WHAT TO WORK ON -
What lines in the entries below contain the word "Point"? Copy all of them.

GIVEN INFORMATION -
........

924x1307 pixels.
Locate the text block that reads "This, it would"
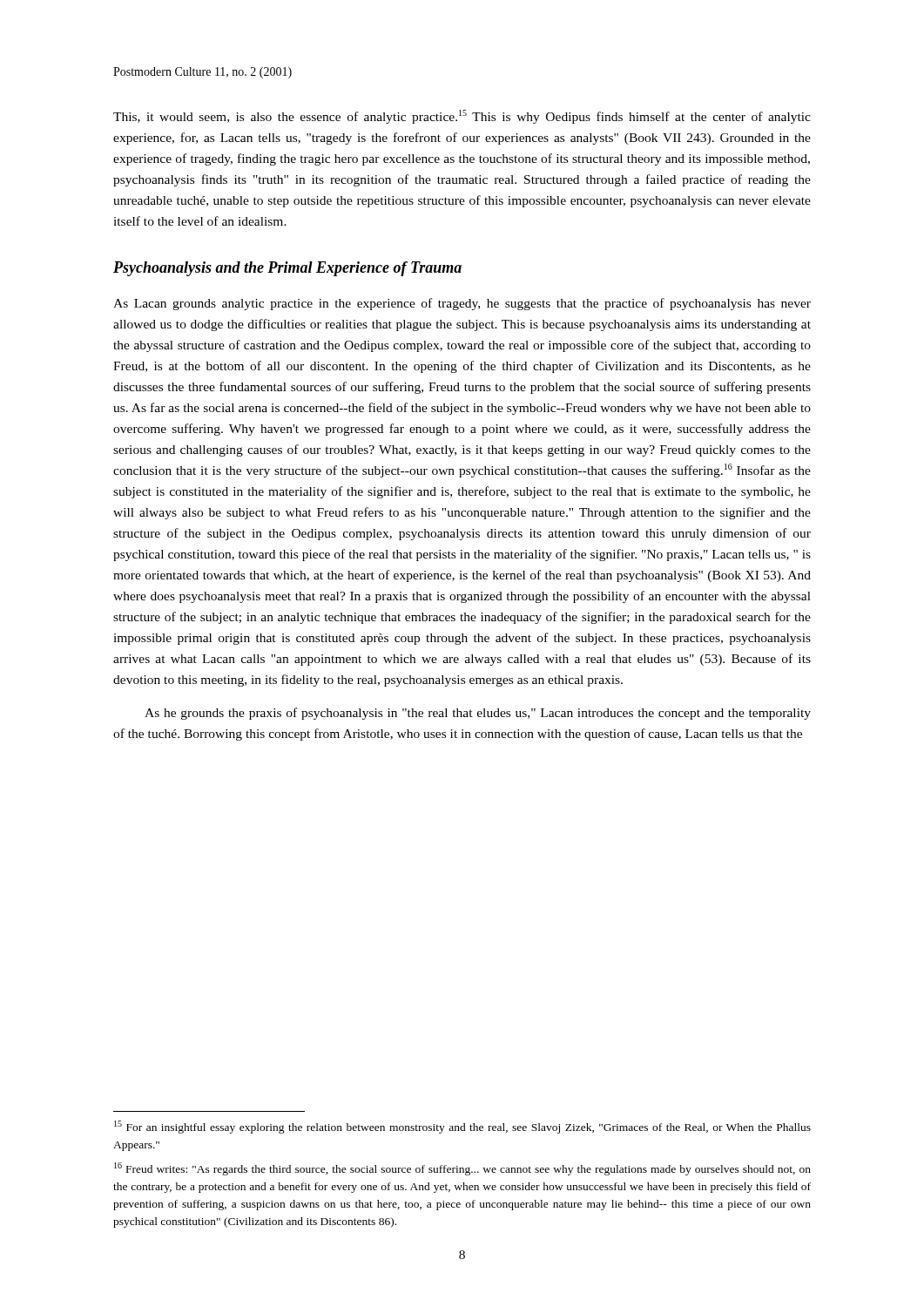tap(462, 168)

........

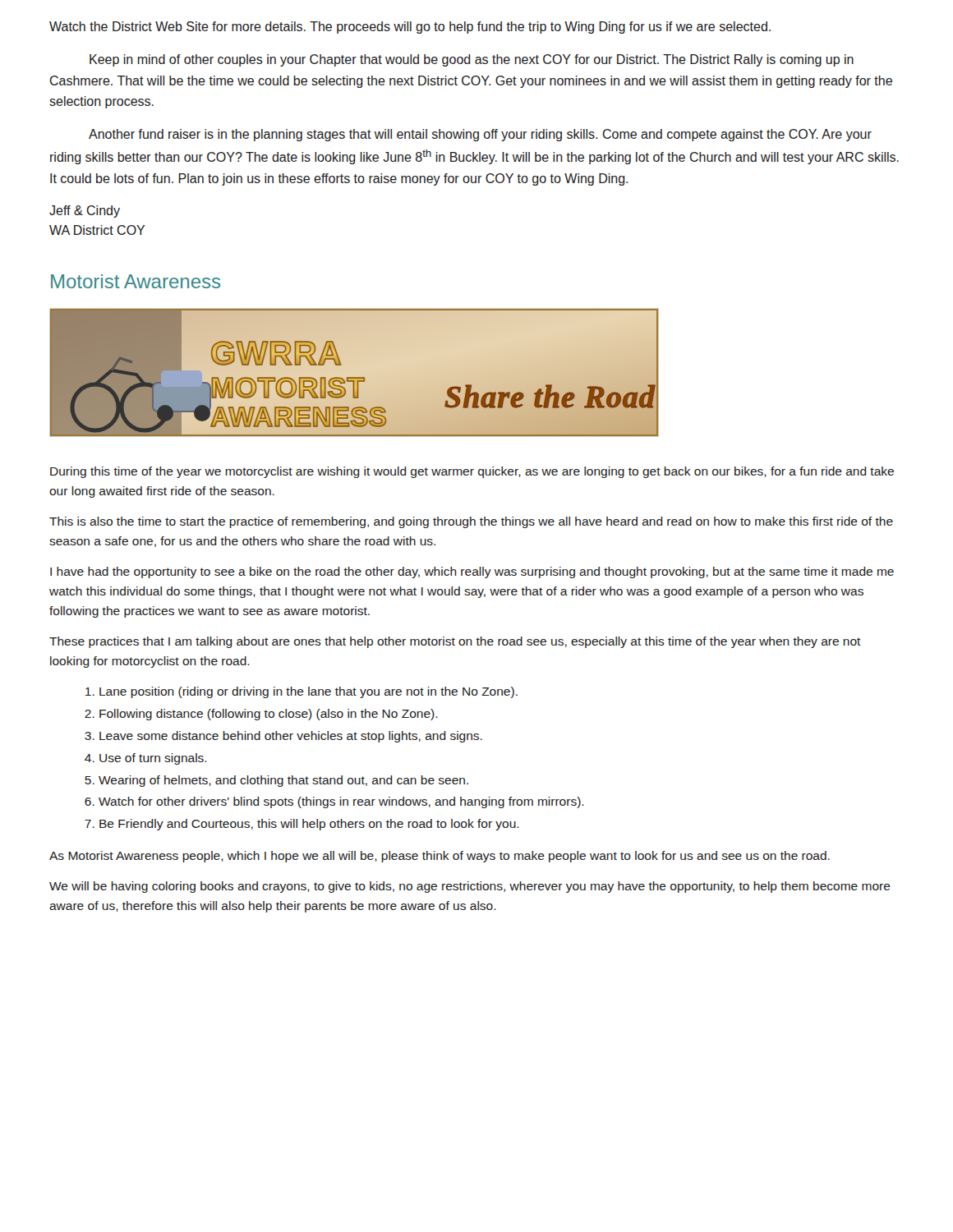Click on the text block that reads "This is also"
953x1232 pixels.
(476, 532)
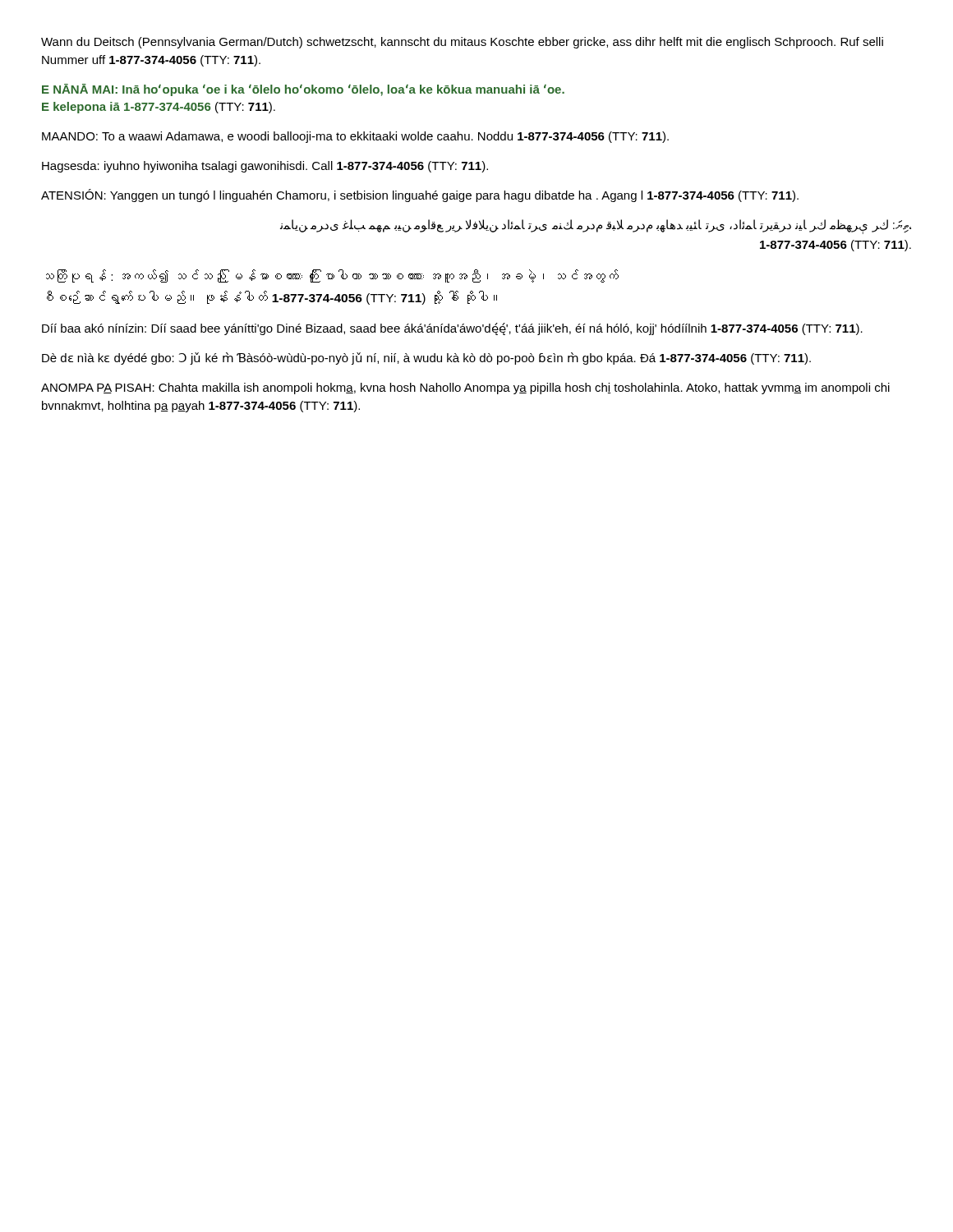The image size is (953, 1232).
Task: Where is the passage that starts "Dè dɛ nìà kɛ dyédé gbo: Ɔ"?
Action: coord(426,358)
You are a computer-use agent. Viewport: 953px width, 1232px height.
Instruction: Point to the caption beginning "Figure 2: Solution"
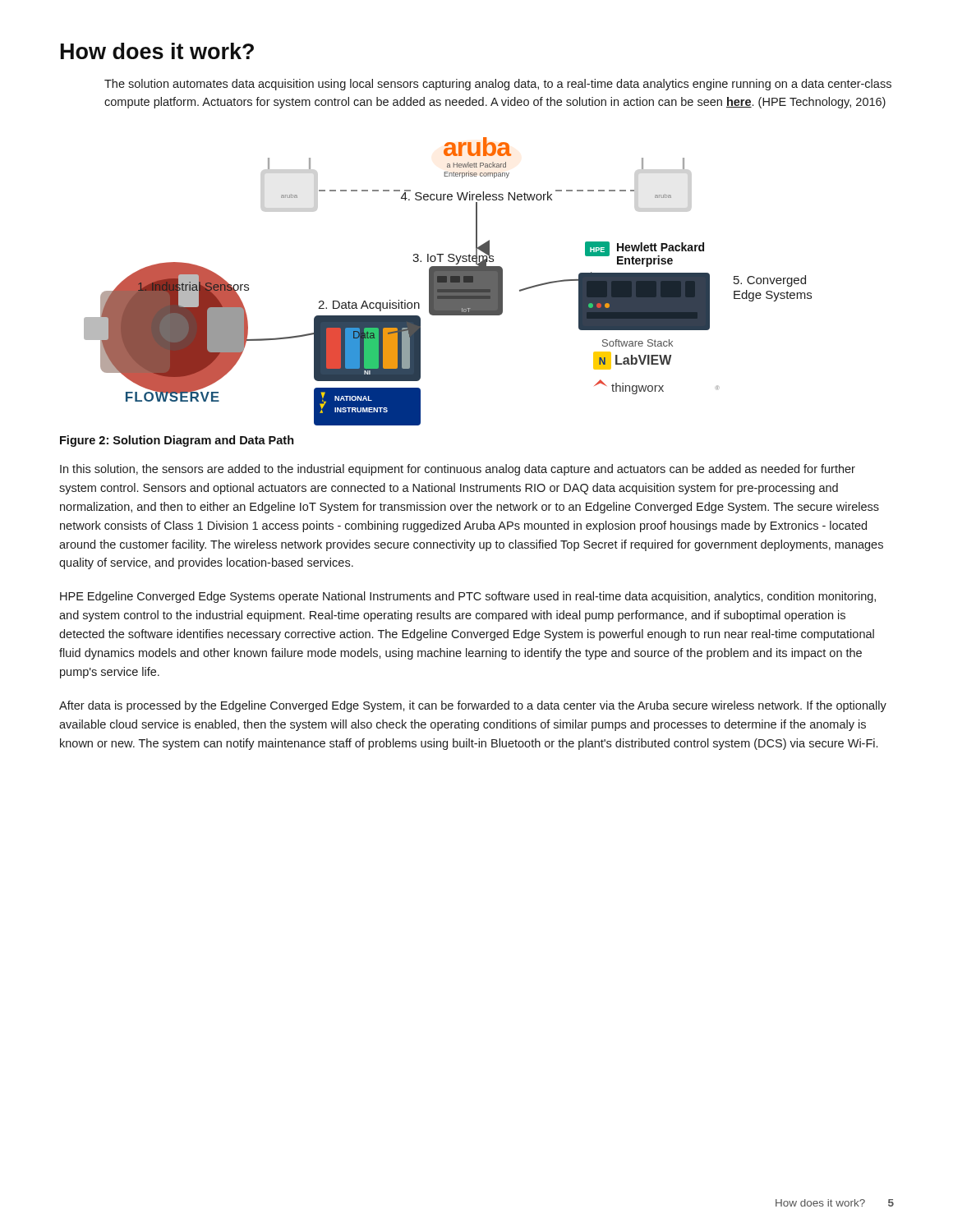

........

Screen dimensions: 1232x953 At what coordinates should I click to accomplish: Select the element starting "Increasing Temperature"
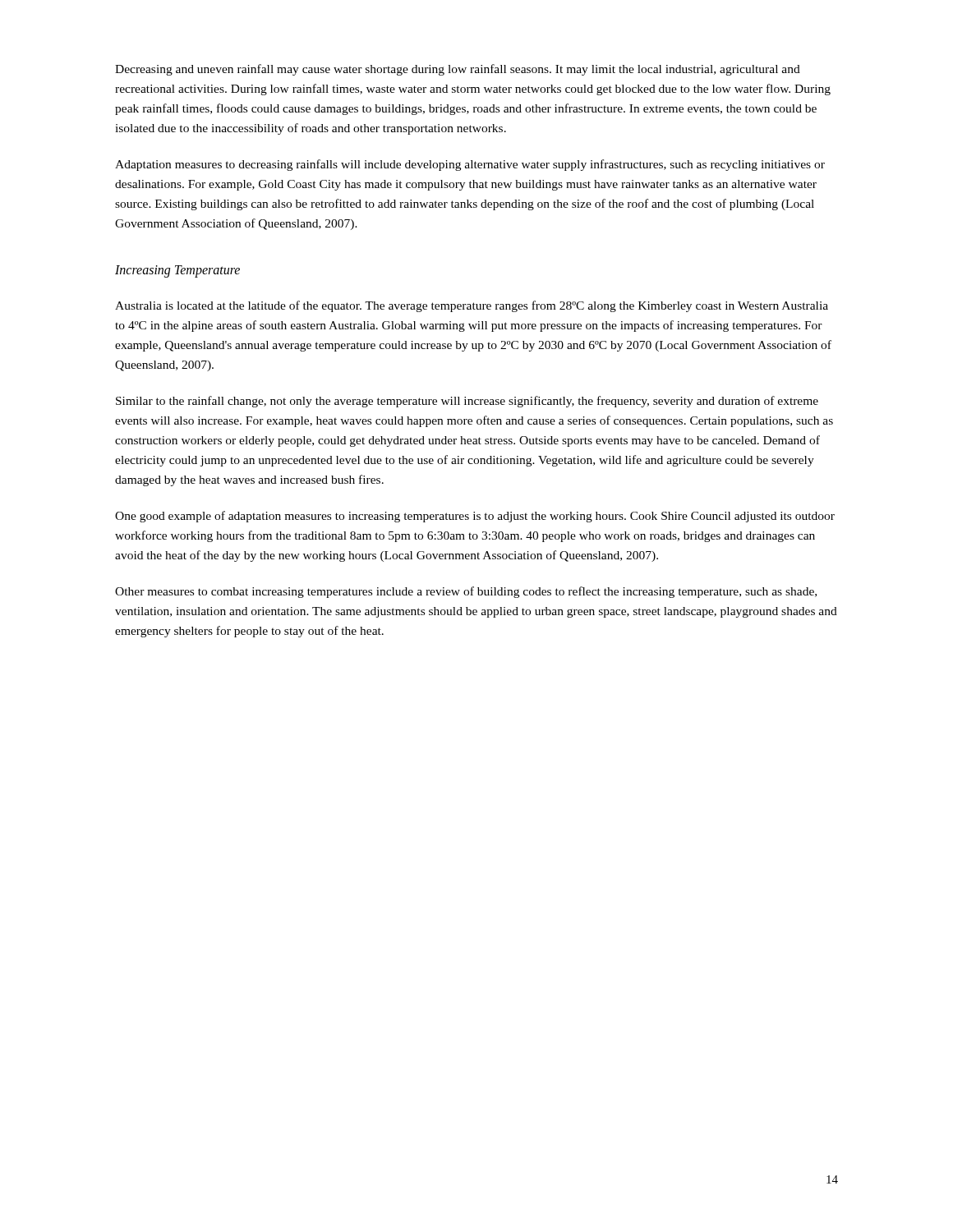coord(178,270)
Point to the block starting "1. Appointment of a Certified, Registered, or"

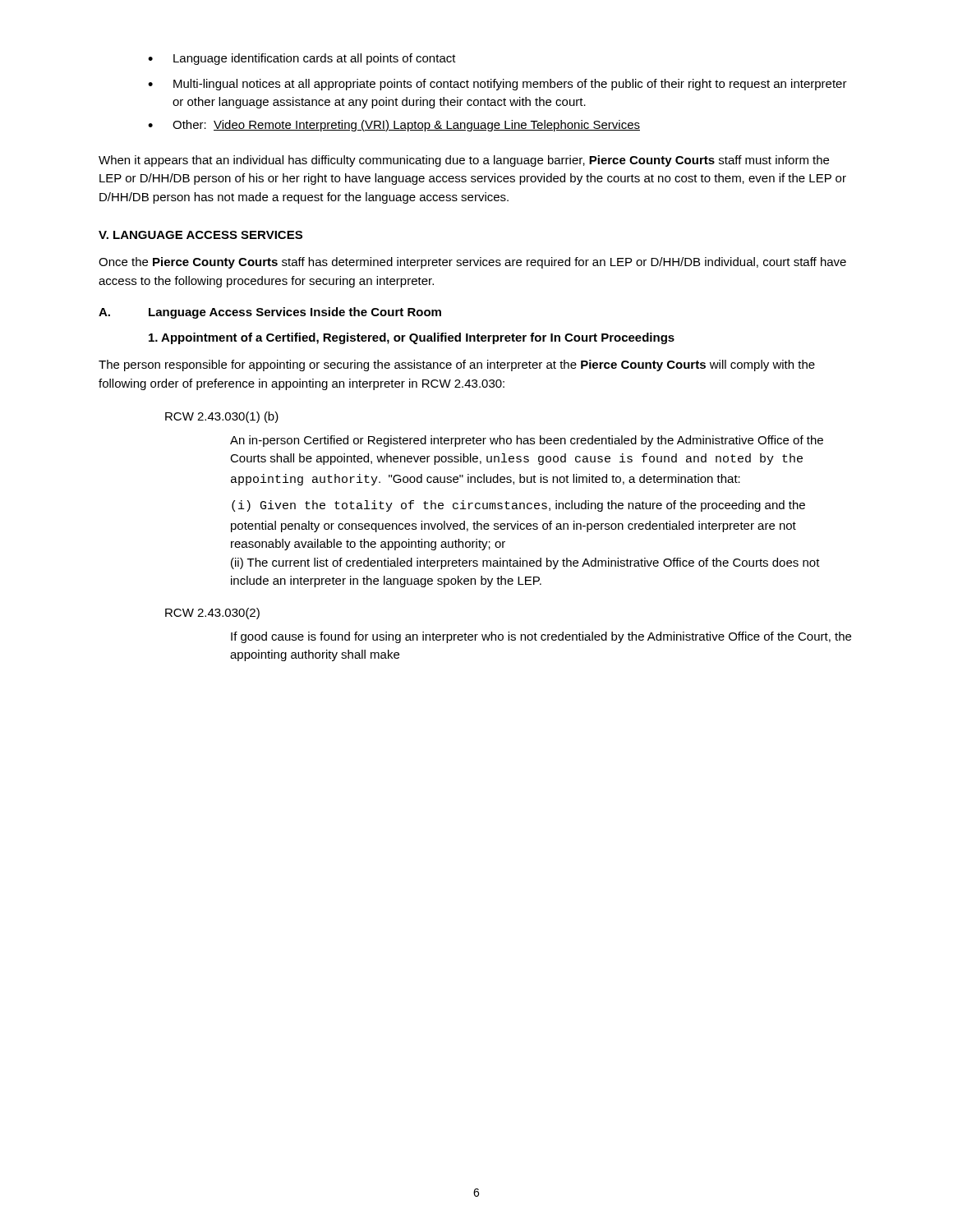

........

PROBLEM SOLUTION -
Instruction: Point to the caption beginning "Figure 2: Solution"
Point to the block starting "1. Appointment of a Certified, Registered, or"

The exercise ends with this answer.